### What you need to do:
Going down the data below, set down exactly the line with "rising threshold to</text>" and each line after it through the line with "VAC1 and VAC2</text>"; no other lines.

### Data for this exercise:
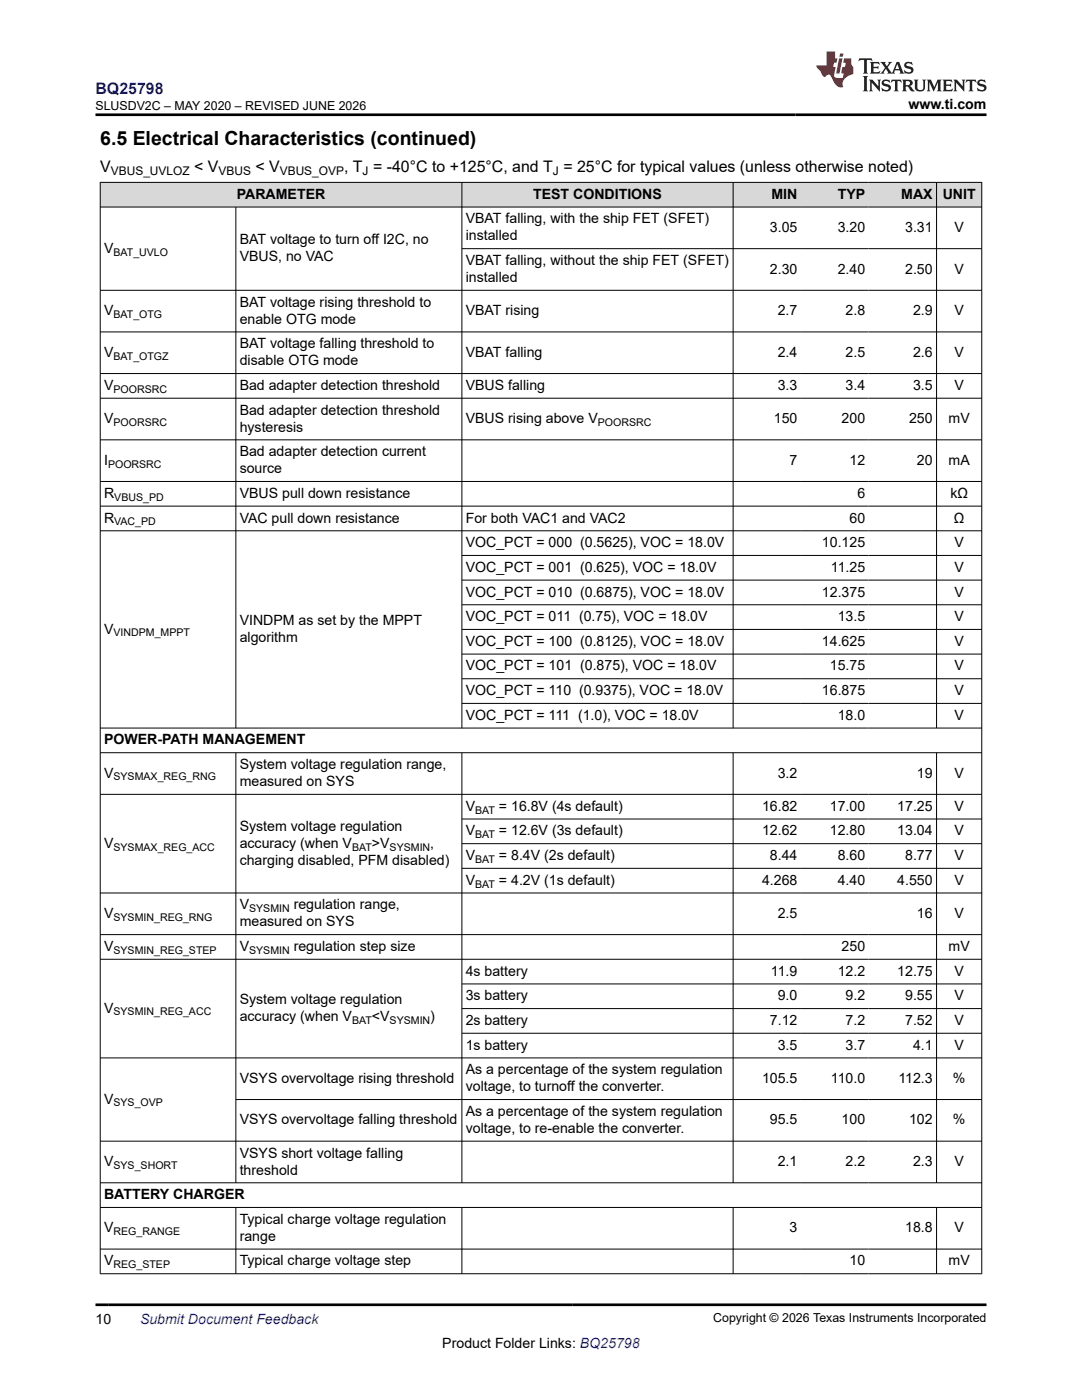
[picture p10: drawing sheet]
<svg xmlns="http://www.w3.org/2000/svg" width="216mm" height="279mm" viewBox="0 0 216 279" stroke-linecap="round" stroke-linejoin="round" font-family="sans-serif">
<defs><g id="words">
<text font-size="3.9" x="20" y="28.8">6.5 Electrical Characteristics (continued)</text>
<text font-size="3.2" fill="#00f" x="19" y="18.7">BQ25798</text>
<g font-size="3.2">
<text x="20" y="34.3">V</text>
<text x="38.7" y="34.3">&lt; V</text>
<text x="51" y="34.3">&lt; V</text>
<text x="68.7" y="34.3">, T = -40°C to +125°C, and T = 25°C for typical values (unless otherwise noted)</text>
</g>
<g font-size="2.8">
<text x="181.3" y="21.8">www.ti.com</text>
<text x="47.2" y="39.7">PARAMETER</text>
<text x="106.4" y="39.7">TEST CONDITIONS</text>
<text x="153.9" y="39.7">MIN</text>
<text x="167.2" y="39.7">TYP</text>
<text x="179.8" y="39.7">MAX</text>
<text x="188.1" y="39.7">UNIT</text>
<text x="92.9" y="44.6">VBAT falling, with the ship FET (SFET)</text>
<text x="92.9" y="48">installed</text>
<text x="153.6" y="46.3">3.05</text>
<text x="167.1" y="46.3">3.20</text>
<text x="180.6" y="46.3">3.31</text>
<text x="190.4" y="46.3">V</text>
<text x="20.8" y="50.4">V</text>
<text x="47.8" y="48.7">BAT voltage to turn off I2C, no</text>
<text x="47.8" y="52.1">VBUS, no VAC</text>
<text x="92.9" y="52.9">VBAT falling, without the ship FET (SFET)</text>
<text x="92.9" y="56.3">installed</text>
<text x="153.6" y="54.6">2.30</text>
<text x="167.1" y="54.6">2.40</text>
<text x="180.6" y="54.6">2.50</text>
<text x="190.4" y="54.6">V</text>
<text x="20.8" y="62.9">V</text>
<text x="47.8" y="61.2">BAT voltage rising threshold to</text>
<text x="47.8" y="64.6">enable OTG mode</text>
<text x="92.9" y="62.9">VBAT rising</text>
<text x="155.2" y="62.9">2.7</text>
<text x="168.7" y="62.9">2.8</text>
<text x="182.2" y="62.9">2.9</text>
<text x="190.4" y="62.9">V</text>
<text x="20.8" y="71.2">V</text>
<text x="47.8" y="69.5">BAT voltage falling threshold to</text>
<text x="92.9" y="71.2">VBAT falling</text>
<text x="155.2" y="71.2">2.4</text>
<text x="168.7" y="71.2">2.5</text>
<text x="182.2" y="71.2">2.6</text>
<text x="190.4" y="71.2">V</text>
<text x="20.8" y="77.8">V</text>
<text x="47.8" y="72.9">disable OTG mode</text>
<text x="47.8" y="77.8">Bad adapter detection threshold</text>
<text x="92.9" y="77.8">VBUS falling</text>
<text x="155.2" y="77.8">3.3</text>
<text x="168.7" y="77.8">3.4</text>
<text x="182.2" y="77.8">3.5</text>
<text x="190.4" y="77.8">V</text>
<text x="47.8" y="82.7">Bad adapter detection threshold</text>
<text x="20.8" y="84.4">V</text>
<text x="47.8" y="86.1">hysteresis</text>
<text x="92.9" y="84.4">VBUS rising above V</text>
<text x="154.4" y="84.4">150</text>
<text x="167.9" y="84.4">200</text>
<text x="181.4" y="84.4">250</text>
<text x="189.3" y="84.4">mV</text>
<text x="20.8" y="92.7">I</text>
<text x="47.8" y="91.1">Bad adapter detection current</text>
<text x="47.8" y="94.4">source</text>
<text x="157.5" y="92.7">7</text>
<text x="169.5" y="92.7">12</text>
<text x="183" y="92.7">20</text>
<text x="189.3" y="92.7">mA</text>
<text x="20.8" y="99.4">R</text>
<text x="47.8" y="99.4">VBUS pull down resistance</text>
<text x="171.1" y="99.4">6</text>
<text x="189.6" y="99.4">kΩ</text>
<text x="20.8" y="104.3">R</text>
<text x="47.8" y="104.3">VAC pull down resistance</text>
<text x="92.9" y="104.3">For both VAC1 and VAC2</text>
<text x="169.5" y="104.3">60</text>
<text x="190.3" y="104.3">Ω</text>
<text x="92.9" y="109.2">VOC_PCT = 000 (0.5625), VOC = 18.0V</text>
<text x="164" y="109.2">10.125</text>
<text x="190.4" y="109.2">V</text>
<text x="92.9" y="114.1">VOC_PCT = 001 (0.625), VOC = 18.0V</text>
<text x="92.9" y="119">VOC_PCT = 010 (0.6875), VOC = 18.0V</text>
<text x="164" y="119">12.375</text>
<text x="165.8" y="114.1">11.25</text>
<text x="190.4" y="114.1">V</text>
<text x="190.4" y="119">V</text>
<text x="47.8" y="124.7">VINDPM as set by the MPPT</text>
<text x="92.9" y="124">VOC_PCT = 011 (0.75), VOC = 18.0V</text>
<text x="167.1" y="124">13.5</text>
<text x="190.4" y="124">V</text>
<text x="20.8" y="126.4">V</text>
<text x="47.8" y="128.1">algorithm</text>
<text x="92.9" y="128.9">VOC_PCT = 100 (0.8125), VOC = 18.0V</text>
<text x="164" y="128.9">14.625</text>
<text x="190.4" y="128.9">V</text>
<text x="92.9" y="133.8">VOC_PCT = 101 (0.875), VOC = 18.0V</text>
<text x="165.6" y="133.8">15.75</text>
<text x="190.4" y="133.8">V</text>
<text x="92.9" y="138.7">VOC_PCT = 110 (0.9375), VOC = 18.0V</text>
<text x="92.9" y="143.7">VOC_PCT = 111 (1.0), VOC = 18.0V</text>
<text x="164" y="138.7">16.875</text>
<text x="167.1" y="143.7">18.0</text>
<text x="190.4" y="138.7">V</text>
<text x="190.4" y="143.7">V</text>
<text x="20.8" y="148.6">POWER-PATH MANAGEMENT</text>
<text x="20.8" y="155.2">V</text>
<text x="47.8" y="153.5">System voltage regulation range,</text>
<text x="155.2" y="155.2">3.2</text>
<text x="183" y="155.2">19</text>
<text x="190.4" y="155.2">V</text>
<text x="47.8" y="156.9">measured on SYS</text>
<text x="92.9" y="161.8">V</text>
<text x="99.6" y="161.8">= 16.8V (4s default)</text>
<text x="152" y="161.8">16.82</text>
<text x="165.6" y="161.8">17.00</text>
<text x="179" y="161.8">17.25</text>
<text x="190.4" y="161.8">V</text>
<text x="47.8" y="165.8">System voltage regulation</text>
<text x="92.9" y="166.7">V</text>
<text x="99.6" y="166.7">= 12.6V (3s default)</text>
<text x="152" y="166.7">12.62</text>
<text x="165.6" y="166.7">12.80</text>
<text x="179" y="166.7">13.04</text>
<text x="190.4" y="166.7">V</text>
<text x="20.8" y="169.2">V</text>
<text x="47.8" y="172.6">charging disabled, PFM disabled)</text>
<text x="47.8" y="169.2">accuracy (when V</text>
<text x="74.2" y="169.2">&gt;V</text>
<text x="85.9" y="169.2">,</text>
<text x="92.9" y="171.6">V</text>
<text x="99.6" y="171.6">= 8.4V (2s default)</text>
<text x="153.6" y="171.6">8.44</text>
<text x="167.1" y="171.6">8.60</text>
<text x="180.6" y="171.6">8.77</text>
<text x="190.4" y="171.6">V</text>
<text x="92.9" y="176.6">V</text>
<text x="99.6" y="176.6">= 4.2V (1s default)</text>
<text x="152" y="176.6">4.268</text>
<text x="167.1" y="176.6">4.40</text>
<text x="179" y="176.6">4.550</text>
<text x="190.4" y="176.6">V</text>
<text x="20.8" y="183.2">V</text>
<text x="47.8" y="184.9">measured on SYS</text>
<text x="47.8" y="181.5">V</text>
<text x="58.6" y="181.5">regulation range,</text>
<text x="155.2" y="183.2">2.5</text>
<text x="183" y="183.2">16</text>
<text x="190.4" y="183.2">V</text>
<text x="20.8" y="189.8">V</text>
<text x="47.8" y="189.8">V</text>
<text x="58.6" y="189.8">regulation step size</text>
<text x="167.9" y="189.8">250</text>
<text x="189.3" y="189.8">mV</text>
<text x="92.9" y="194.7">4s battery</text>
<text x="153.8" y="194.7">11.9</text>
<text x="167.1" y="194.7">12.2</text>
<text x="179" y="194.7">12.75</text>
<text x="190.4" y="194.7">V</text>
<text x="20.8" y="202.1">V</text>
<text x="47.8" y="200.4">System voltage regulation</text>
<text x="47.8" y="203.8">accuracy (when V</text>
<text x="74.2" y="203.8">&lt;V</text>
<text x="85.9" y="203.8">)</text>
<text x="92.9" y="199.6">3s battery</text>
<text x="155.2" y="199.6">9.0</text>
<text x="168.7" y="199.6">9.2</text>
<text x="180.6" y="199.6">9.55</text>
<text x="190.4" y="199.6">V</text>
<text x="92.9" y="204.6">2s battery</text>
<text x="92.9" y="209.5">1s battery</text>
<text x="153.6" y="204.6">7.12</text>
<text x="155.2" y="209.5">3.5</text>
<text x="168.7" y="204.6">7.2</text>
<text x="168.7" y="209.5">3.7</text>
<text x="180.6" y="204.6">7.52</text>
<text x="182.2" y="209.5">4.1</text>
<text x="190.4" y="204.6">V</text>
<text x="190.4" y="209.5">V</text>
<text x="92.9" y="214.4">As a percentage of the system regulation</text>
<text x="20.8" y="220.2">V</text>
<text x="47.8" y="216.1">VSYS overvoltage rising threshold</text>
<text x="92.9" y="217.8">voltage, to turnoff the converter.</text>
<text x="152" y="216.1">105.5</text>
<text x="165.8" y="216.1">110.0</text>
<text x="179.3" y="216.1">112.3</text>
<text x="190.1" y="216.1">%</text>
<text x="47.8" y="224.4">VSYS overvoltage falling threshold</text>
<text x="92.9" y="222.7">As a percentage of the system regulation</text>
<text x="92.9" y="226.1">voltage, to re-enable the converter.</text>
<text x="153.6" y="224.4">95.5</text>
<text x="167.9" y="224.4">100</text>
<text x="181.4" y="224.4">102</text>
<text x="190.1" y="224.4">%</text>
<text x="20.8" y="232.7">V</text>
<text x="47.8" y="231">VSYS short voltage falling</text>
<text x="155.2" y="232.7">2.1</text>
<text x="168.7" y="232.7">2.2</text>
<text x="182.2" y="232.7">2.3</text>
<text x="190.4" y="232.7">V</text>
<text x="20.8" y="239.3">BATTERY CHARGER</text>
<text x="47.8" y="234.4">threshold</text>
<text x="20.8" y="245.9">V</text>
<text x="47.8" y="244.2">Typical charge voltage regulation</text>
<text x="157.5" y="245.9">3</text>
<text x="180.6" y="245.9">18.8</text>
<text x="190.4" y="245.9">V</text>
<text x="47.8" y="247.6">range</text>
<text x="20.8" y="252.6">V</text>
<text x="47.8" y="252.6">Typical charge voltage step</text>
<text x="169.5" y="252.6">10</text>
<text x="189.3" y="252.6">mV</text>
<text x="19" y="264.2">10</text>
<text x="88.3" y="269">Product Folder Links: BQ25798</text>
</g>
<text font-size="2.8" fill="#00f" x="27.9" y="264.2">Submit Document Feedback</text>
<g font-size="2.5">
<text x="19" y="21.9">SLUSDV2C – MAY 2020 – REVISED JUNE 2026</text>
<text x="142.3" y="263.9">Copyright © 2026 Texas Instruments Incorporated</text>
</g>
<g font-size="2.4">
<text x="22.1" y="34.9">VBUS_UVLOZ</text>
<text x="43.6" y="34.9">VBUS</text>
<text x="55.8" y="34.9">VBUS_OVP</text>
<text x="72.4" y="34.9">J</text>
<text x="110.3" y="34.9">J</text>
</g>
<g font-size="2.1">
<text x="22.6" y="51">BAT_UVLO</text>
<text x="22.6" y="63.5">BAT_OTG</text>
<text x="22.6" y="71.8">BAT_OTGZ</text>
<text x="22.6" y="78.4">POORSRC</text>
<text x="22.6" y="85">POORSRC</text>
<text x="119.3" y="85">POORSRC</text>
<text x="21.6" y="93.3">POORSRC</text>
<text x="22.8" y="99.9">VBUS_PD</text>
<text x="22.8" y="104.8">VAC_PD</text>
<text x="22.6" y="127">VINDPM_MPPT</text>
<text x="22.6" y="155.8">SYSMAX_REG_RNG</text>
<text x="94.8" y="167.3">BAT</text>
<text x="94.8" y="162.4">BAT</text>
<text x="22.6" y="169.7">SYSMAX_REG_ACC</text>
<text x="70.3" y="169.7">BAT</text>
<text x="77.8" y="169.7">SYSMIN</text>
<text x="94.8" y="172.2">BAT</text>
<text x="94.8" y="177.1">BAT</text>
<text x="22.6" y="183.7">SYSMIN_REG_RNG</text>
<text x="49.7" y="182.1">SYSMIN</text>
<text x="22.6" y="190.4">SYSMIN_REG_STEP</text>
<text x="49.7" y="190.4">SYSMIN</text>
<text x="22.6" y="202.7">SYSMIN_REG_ACC</text>
<text x="70.3" y="204.4">BAT</text>
<text x="77.8" y="204.4">SYSMIN</text>
<text x="22.6" y="220.8">SYS_OVP</text>
<text x="22.6" y="233.3">SYS_SHORT</text>
<text x="22.6" y="246.5">REG_RANGE</text>
<text x="22.6" y="253.1">REG_STEP</text>
</g>
</g></defs>
<g fill="#d8d8d8">
<path d="M20 36.4h175.9v4.9h-175.9z" fill-rule="evenodd"/>
<path d="M20.1 36.5h72v4.8h-72z" fill-rule="evenodd"/>
<path d="M92.2 36.5h54v4.8h-54z" fill-rule="evenodd"/>
<path d="M146.3 36.5h13.5v4.8h-13.5z" fill-rule="evenodd"/>
<path d="M159.8 36.5h13.5v4.8h-13.5z" fill-rule="evenodd"/>
<path d="M173.3 36.5h13.5v4.8h-13.5z" fill-rule="evenodd"/>
<path d="M186.9 36.5h8.9v4.8h-8.9z" fill-rule="evenodd"/>
</g>
<g fill="none" stroke="#000" stroke-width=".2">
<path d="M19.9 36.4h176.1M20 36.3v218M92.2 36.3v109.1M146.3 36.3v109.1M186.9 36.3v109.1M195.9 36.3v218M19.9 41.3h176.1M47.1 41.3v104.1M92.2 49.6h103.8M196 57.9h-176.1M19.9 66.2h176.1M19.9 74.6h176.1"/>
<path d="M19.9 79.5h176.1M19.9 87.8h176.1M19.9 96.1h176.1M19.9 101h176.1M19.9 105.9h176.1M92.2 110.9h103.8M92.2 115.8h103.8M92.2 120.7h103.8M92.2 125.6h103.8M92.2 130.5h103.8M92.2 135.5h103.8M19.9 150.2h176.1"/>
<path d="M19.9 158.5h176.1M47.1 150.2v85.9M92.2 150.2v85.9M92.2 140.4h103.8M146.3 150.2v85.9M186.9 150.2v85.9M196 145.3h-176.1M19.9 178.2h176.1M92.2 163.5h103.8M92.2 168.4h103.8M92.2 173.3h103.8M19.9 186.5h176.1"/>
<path d="M19.9 191.4h176.1M92.2 196.4h103.8M19.9 211.1h176.1M47.1 219.4h148.9M92.2 201.3h103.8M92.2 206.2h103.8M19.9 227.7h176.1M19.9 236.1h176.1M19.9 241h176.1M19.9 249.3h176.1M19.9 254.2h176.1M47.1 241v13.3"/>
<path d="M92.2 241v13.3M146.3 241v13.3M186.9 241v13.3"/>
</g>
<path d="M171.5 11.6l-.2 .6 .5-.2h.6v.1v2.2l-.2 .4h1l-.2-.4v-2.2v-.1h.5l.6 .2-.2-.6zM173.6 12.4l.2 .3v1.6l-.2 .4h1.9l.1-.6a1.08 1.08 0 0 1-1.3 .2v-.7h.6l.4 .2v-.7l-.4 .2h-.6v-.5l.2-.2a1 1 0 0 1 1 .3l-.1-.5zM175.7 12.4l.9 1.1-1 1.2h.9l-.2-.2 .5-.8 .4 .8-.2 .2h1.6l-.2-.2 .2-.5h.9l.1 .5-.1 .2h.9l-.2-.4-.8-1.9h-.5l-.9 2.1-.9-1.1 .9-1h-.8l.2 .2-.4 .6-.4-.6 .2-.2zM179 12.8l.4 1h-.7zM180.7 12.5a.65 .65 0 0 0-.2 .7 .65 .65 0 0 0 .6 .5l.6 .1 .1 .3a.79 .79 0 0 1-.7 .4 .79 .79 0 0 1-.7-.5l.1 .7 .2-.1a.93 .93 0 0 0 1.1 0 .93 .93 0 0 0 .4-.9 1.46 1.46 0 0 0-1.2-.6l-.1-.3a1.09 1.09 0 0 1 1.2 .2l-.2-.6-.1 .1-.5-.2zM172.2 15.2l.2 .4v2.2l-.2 .4h1l-.2-.4v-2.2l.2-.4zM173.4 15.9l.2 .4v1.5l-.2 .4h.8l-.3-.4 .1-1.3 1.6 1.8v-2l.2-.4h-.7l.1 .2 .1 1.1-1.2-1.3zM176.2 16a.65 .65 0 0 0-.2 .8 .65 .65 0 0 0 .6 .4l.6 .2 .1 .2a.79 .79 0 0 1-.7 .4 .79 .79 0 0 1-.7-.5l.1 .7 .2-.1a.93 .93 0 0 0 1.1 .1 .93 .93 0 0 0 .4-1 1.46 1.46 0 0 0-1.2-.5l-.1-.4a1.09 1.09 0 0 1 1.2 .2l-.1-.6-.2 .1-.5-.1zM177.9 15.9l-.1 .6a.63 .63 0 0 1 .8-.3v1.6l-.3 .4h1l-.2-.4v-1.6a.66 .66 0 0 1 .8 .3l-.1-.6zM180 15.9l.2 .4v1.5l-.2 .4h1l-.2-.2-.1-.7h.5l.1 .2a.79 .79 0 0 0 1.2 .6l-1-.9a.61 .61 0 0 0 .6-.6 .61 .61 0 0 0-.5-.7zM180.8 16.2h.1a.47 .47 0 0 1 .5 .1 .47 .47 0 0 1 .1 .5l-.1 .1-.7 .1zM182.3 15.9l.2 .2a2.27 2.27 0 0 0 .4 2 1.04 1.04 0 0 0 1.7-.7v-1.3l.2-.2h-.8l.2 .4v1.1a.6 .6 0 0 1-.6 .6 .6 .6 0 0 1-.6-.6v-1.1l.3-.4zM184.9 15.9l.2 .4v1.5l-.2 .4h.8l-.3-.4v-1.4l.9 1.9 .9-1.9v1.4l-.3 .4h1l-.2-.4v-1.5l.2-.4h-.8l-.7 1.5-.6-1.5zM188.1 15.9l.2 .4v1.5l-.2 .4h1.9l.1-.6a1.09 1.09 0 0 1-1.3 .2v-.7h.6l.4 .2v-.6l-.4 .2h-.6v-.6l.2-.1a1.01 1.01 0 0 1 1 .3l-.1-.6zM190.2 15.9l.3 .4v1.5l-.3 .4h.8l-.2-.4v-1.3l1.6 1.8v-2l.2-.4h-.7l.2 .2v1.1l-1.2-1.3zM192.8 15.9l-.1 .6a.63 .63 0 0 1 .8-.3v1.6l-.3 .4h1l-.2-.4v-1.6a.66 .66 0 0 1 .8 .3l-.1-.6zM195.2 16a.65 .65 0 0 0-.2 .8 .65 .65 0 0 0 .6 .4l.6 .2 .2 .2a.79 .79 0 0 1-.7 .4 .79 .79 0 0 1-.7-.5l.1 .7 .2-.1a.93 .93 0 0 0 1 .1 .93 .93 0 0 0 .5-1 1.46 1.46 0 0 0-1.3-.5v-.4a1.09 1.09 0 0 1 1.2 .2l-.2-.6-.2 .1-.5-.1z" fill="#231f20"/>
<path d="M164.9 10.3v2.7h-2l.1 .4 .8 1a.95 .95 0 0 0 1 .9 .59 .59 0 0 1 .5-.4 .59 .59 0 0 1 .5 .3l.4 .8a1.59 1.59 0 0 0 2.1 1.4 1.61 1.61 0 0 1 1-2.3l1-.3-.1-1.5a1.59 1.59 0 0 1-.3-1.7h-1.5l-.2 .9h.6l-.2 .9h-.5l-.2 .9v.3l.4 .1-.1 .9h-.7a.73 .73 0 0 1-1-.7l.3-1.5h-.5l.1-.9h.5l.2-.9h-.5v-1.3zM167.4 11.6l-.6 3.1h.7l.6-3.1zM167.6 10.7l-.1 .6h.7l.1-.6z" fill="#ed1c24"/>
<path d="M19 22.9h177.8M19 260.4h177.8" fill="none" stroke="#000" stroke-width=".53"/>
<use href="#words"/>
</svg>

### Solution for this problem:
<text x="47.8" y="61.2">BAT voltage rising threshold to</text>
<text x="47.8" y="64.6">enable OTG mode</text>
<text x="92.9" y="62.9">VBAT rising</text>
<text x="155.2" y="62.9">2.7</text>
<text x="168.7" y="62.9">2.8</text>
<text x="182.2" y="62.9">2.9</text>
<text x="190.4" y="62.9">V</text>
<text x="20.8" y="71.2">V</text>
<text x="47.8" y="69.5">BAT voltage falling threshold to</text>
<text x="92.9" y="71.2">VBAT falling</text>
<text x="155.2" y="71.2">2.4</text>
<text x="168.7" y="71.2">2.5</text>
<text x="182.2" y="71.2">2.6</text>
<text x="190.4" y="71.2">V</text>
<text x="20.8" y="77.8">V</text>
<text x="47.8" y="72.9">disable OTG mode</text>
<text x="47.8" y="77.8">Bad adapter detection threshold</text>
<text x="92.9" y="77.8">VBUS falling</text>
<text x="155.2" y="77.8">3.3</text>
<text x="168.7" y="77.8">3.4</text>
<text x="182.2" y="77.8">3.5</text>
<text x="190.4" y="77.8">V</text>
<text x="47.8" y="82.7">Bad adapter detection threshold</text>
<text x="20.8" y="84.4">V</text>
<text x="47.8" y="86.1">hysteresis</text>
<text x="92.9" y="84.4">VBUS rising above V</text>
<text x="154.4" y="84.4">150</text>
<text x="167.9" y="84.4">200</text>
<text x="181.4" y="84.4">250</text>
<text x="189.3" y="84.4">mV</text>
<text x="20.8" y="92.7">I</text>
<text x="47.8" y="91.1">Bad adapter detection current</text>
<text x="47.8" y="94.4">source</text>
<text x="157.5" y="92.7">7</text>
<text x="169.5" y="92.7">12</text>
<text x="183" y="92.7">20</text>
<text x="189.3" y="92.7">mA</text>
<text x="20.8" y="99.4">R</text>
<text x="47.8" y="99.4">VBUS pull down resistance</text>
<text x="171.1" y="99.4">6</text>
<text x="189.6" y="99.4">kΩ</text>
<text x="20.8" y="104.3">R</text>
<text x="47.8" y="104.3">VAC pull down resistance</text>
<text x="92.9" y="104.3">For both VAC1 and VAC2</text>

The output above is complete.